WHAT THE EXERCISE ASKS
Note each line in the data below that holds "cuboid", and copy it.

══ RECORDS FOR THIS EXERCISE ══

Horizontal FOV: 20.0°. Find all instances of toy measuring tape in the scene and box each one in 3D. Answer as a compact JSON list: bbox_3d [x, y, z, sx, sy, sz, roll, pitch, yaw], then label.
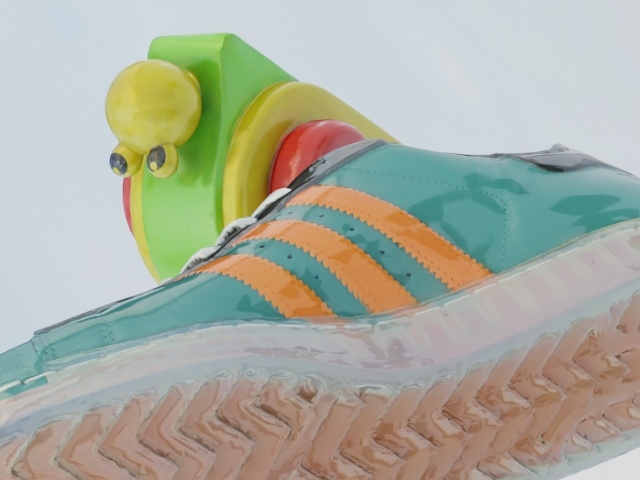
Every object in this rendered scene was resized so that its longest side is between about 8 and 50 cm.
[{"bbox_3d":[0.000,0.000,0.891,0.330,0.121,0.121,30,-137,-53],"label":"toy measuring tape"}]

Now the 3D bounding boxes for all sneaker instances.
[{"bbox_3d":[-0.003,0.036,0.622,0.121,0.302,0.108,49,143,47],"label":"sneaker"}]
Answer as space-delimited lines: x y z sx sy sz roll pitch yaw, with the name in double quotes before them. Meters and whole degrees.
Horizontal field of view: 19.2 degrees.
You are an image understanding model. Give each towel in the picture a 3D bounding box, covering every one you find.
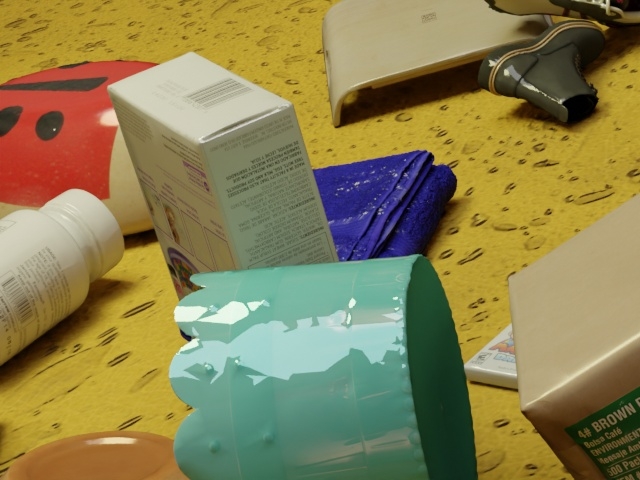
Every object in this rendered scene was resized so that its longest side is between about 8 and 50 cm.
"towel" 0.000 0.000 2.017 0.227 0.076 0.308 -4 28 25

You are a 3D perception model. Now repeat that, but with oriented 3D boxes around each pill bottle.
"pill bottle" -0.329 0.041 2.079 0.131 0.131 0.229 6 33 41

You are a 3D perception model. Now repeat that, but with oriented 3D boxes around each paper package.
"paper package" 0.319 0.049 1.429 0.325 0.168 0.309 -34 12 13

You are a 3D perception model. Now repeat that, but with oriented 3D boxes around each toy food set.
"toy food set" 0.152 -0.251 2.459 0.306 0.092 0.220 -15 36 7

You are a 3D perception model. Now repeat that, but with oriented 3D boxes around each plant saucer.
"plant saucer" -0.197 0.213 1.683 0.200 0.037 0.200 -4 15 1

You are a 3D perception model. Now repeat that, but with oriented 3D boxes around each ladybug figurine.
"ladybug figurine" -0.291 -0.121 2.361 0.449 0.162 0.305 -1 29 32

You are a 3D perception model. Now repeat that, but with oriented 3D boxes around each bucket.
"bucket" 0.011 0.143 1.485 0.183 0.281 0.281 -9 25 14

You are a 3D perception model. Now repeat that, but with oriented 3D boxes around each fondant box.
"fondant box" -0.068 0.013 1.723 0.096 0.330 0.238 -24 25 -18

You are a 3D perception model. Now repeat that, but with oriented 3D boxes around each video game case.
"video game case" 0.232 0.095 1.731 0.157 0.019 0.143 7 33 43

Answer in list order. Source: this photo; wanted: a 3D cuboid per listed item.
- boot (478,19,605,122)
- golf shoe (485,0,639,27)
"boot" 0.304 -0.193 2.261 0.198 0.077 0.137 -26 43 -33
"golf shoe" 0.316 -0.320 2.335 0.272 0.105 0.120 3 9 -32
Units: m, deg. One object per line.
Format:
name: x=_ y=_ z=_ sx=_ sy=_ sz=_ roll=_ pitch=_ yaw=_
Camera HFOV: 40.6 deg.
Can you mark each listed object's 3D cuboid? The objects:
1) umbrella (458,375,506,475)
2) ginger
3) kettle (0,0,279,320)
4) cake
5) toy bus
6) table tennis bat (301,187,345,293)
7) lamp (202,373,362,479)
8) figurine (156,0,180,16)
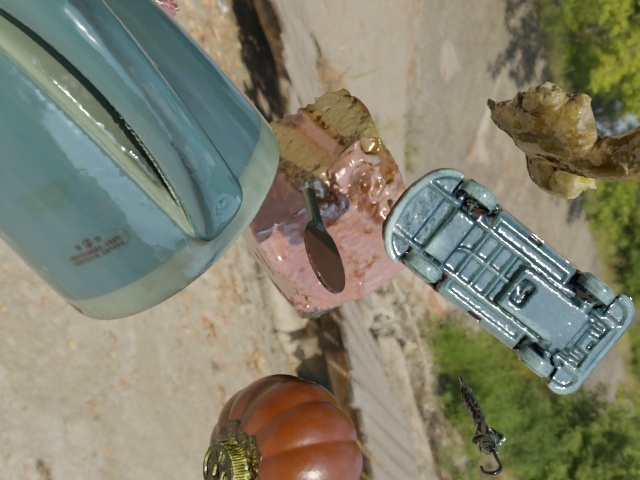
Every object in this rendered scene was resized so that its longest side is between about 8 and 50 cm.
umbrella: x=0.219 y=0.243 z=1.163 sx=0.269 sy=0.044 sz=0.044 roll=-82 pitch=163 yaw=-73
ginger: x=0.268 y=-0.106 z=0.868 sx=0.059 sy=0.214 sz=0.133 roll=-42 pitch=111 yaw=-32
kettle: x=-0.204 y=-0.127 z=0.692 sx=0.247 sy=0.319 sz=0.342 roll=-52 pitch=124 yaw=-20
cake: x=0.000 y=-0.064 z=1.614 sx=0.293 sy=0.306 sz=0.314 roll=54 pitch=-8 yaw=49
toy bus: x=0.180 y=0.031 z=0.893 sx=0.265 sy=0.121 sz=0.120 roll=37 pitch=6 yaw=-8
table tennis bat: x=0.000 y=0.000 z=1.184 sx=0.095 sy=0.014 sz=0.158 roll=26 pitch=45 yaw=-56
lamp: x=-0.045 y=0.279 z=1.077 sx=0.196 sy=0.223 sz=0.223 roll=4 pitch=65 yaw=-38
figurine: x=-0.203 y=-0.325 z=1.102 sx=0.054 sy=0.072 sz=0.129 roll=143 pitch=-49 yaw=-75

═══

RESULT
Answer in list order. Source: this photo; wanted: a 3D cuboid per listed item.
Can you mark each listed object's 3D cuboid? The objects:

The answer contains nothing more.